Recorded data:
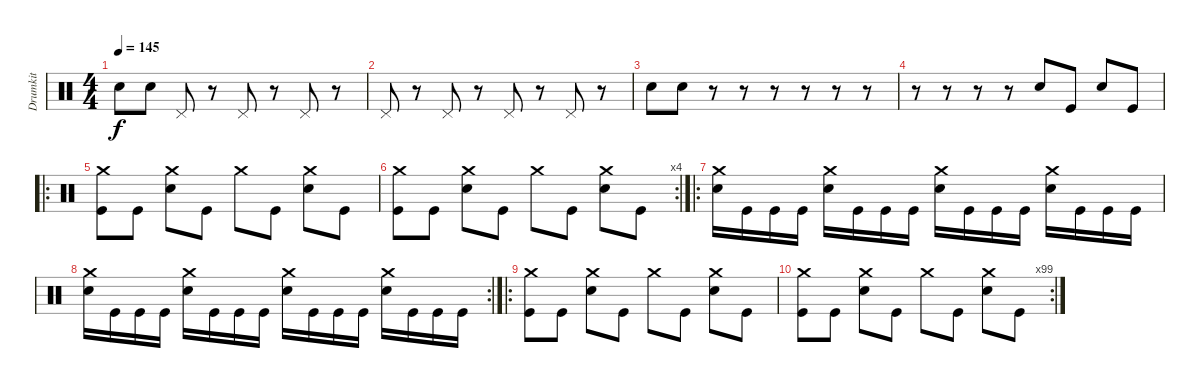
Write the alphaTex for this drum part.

\track ("Drumkit" "Drumkit") {instrument percussion}
\staff {score}
\articulation defaults
\ts (4 4)
\tempo 145
\clef neutral
\ks c "Snare (hit) 2".8{dy f} "Snare (hit) 2".8 "Pedal Hi-Hat (hit)".8
r.8 "Pedal Hi-Hat (hit)".8 r.8 "Pedal Hi-Hat (hit)".8 r.8 |
"Pedal Hi-Hat (hit)".8 r.8 "Pedal Hi-Hat (hit)".8 r.8 "Pedal Hi-Hat (hit)".8 r.8 "Pedal Hi-Hat (hit)".8 r.8 |
"Snare (hit) 2".8 "Snare (hit) 2".8 r.8 r.8 r.8 r.8 r.8 r.8 |
r.8 r.8 r.8 r.8 "Snare (hit) 2".8 "Kick (hit)".8 "Snare (hit) 2".8 "Kick (hit)".8 |
\ro
("Kick (hit)" "Crash medium (hit)").8 "Kick (hit)".8 ("Snare (hit) 2" "Crash medium (hit)").8 "Kick (hit)".8 "Crash medium (hit)".8 "Kick (hit)".8 ("Snare (hit) 2" "Crash medium (hit)").8 "Kick (hit)".8 |
\rc 4
("Kick (hit)" "Crash medium (hit)").8 "Kick (hit)".8 ("Snare (hit) 2" "Crash medium (hit)").8 "Kick (hit)".8 "Crash medium (hit)".8 "Kick (hit)".8 ("Snare (hit) 2" "Crash medium (hit)").8 "Kick (hit)".8 |
\ro
("Snare (hit) 2" "Crash medium (hit)").16 "Kick (hit)".16 "Kick (hit)".16 "Kick (hit)".16 ("Snare (hit) 2" "Crash medium (hit)").16 "Kick (hit)".16 "Kick (hit)".16 "Kick (hit)".16 ("Snare (hit) 2" "Crash medium (hit)").16 "Kick (hit)".16 "Kick (hit)".16 "Kick (hit)".16 ("Snare (hit) 2" "Crash medium (hit)").16 "Kick (hit)".16 "Kick (hit)".16 "Kick (hit)".16 |
\rc 2
("Snare (hit) 2" "Crash medium (hit)").16 "Kick (hit)".16 "Kick (hit)".16 "Kick (hit)".16 ("Snare (hit) 2" "Crash medium (hit)").16 "Kick (hit)".16 "Kick (hit)".16 "Kick (hit)".16 ("Snare (hit) 2" "Crash medium (hit)").16 "Kick (hit)".16 "Kick (hit)".16 "Kick (hit)".16 ("Snare (hit) 2" "Crash medium (hit)").16 "Kick (hit)".16 "Kick (hit)".16 "Kick (hit)".16 |
\ro
("Kick (hit)" "Crash medium (hit)").8 "Kick (hit)".8 ("Snare (hit) 2" "Crash medium (hit)").8 "Kick (hit)".8 "Crash medium (hit)".8 "Kick (hit)".8 ("Snare (hit) 2" "Crash medium (hit)").8 "Kick (hit)".8 |
\rc 99
("Kick (hit)" "Crash medium (hit)").8 "Kick (hit)".8 ("Snare (hit) 2" "Crash medium (hit)").8 "Kick (hit)".8 "Crash medium (hit)".8 "Kick (hit)".8 ("Snare (hit) 2" "Crash medium (hit)").8 "Kick (hit)".8

■ Problem requirements
Among the lines of the records, copy out each one that contains the word "Pedal".

■ Solution to this problem
\ks c "Snare (hit) 2".8{dy f} "Snare (hit) 2".8 "Pedal Hi-Hat (hit)".8
r.8 "Pedal Hi-Hat (hit)".8 r.8 "Pedal Hi-Hat (hit)".8 r.8 |
"Pedal Hi-Hat (hit)".8 r.8 "Pedal Hi-Hat (hit)".8 r.8 "Pedal Hi-Hat (hit)".8 r.8 "Pedal Hi-Hat (hit)".8 r.8 |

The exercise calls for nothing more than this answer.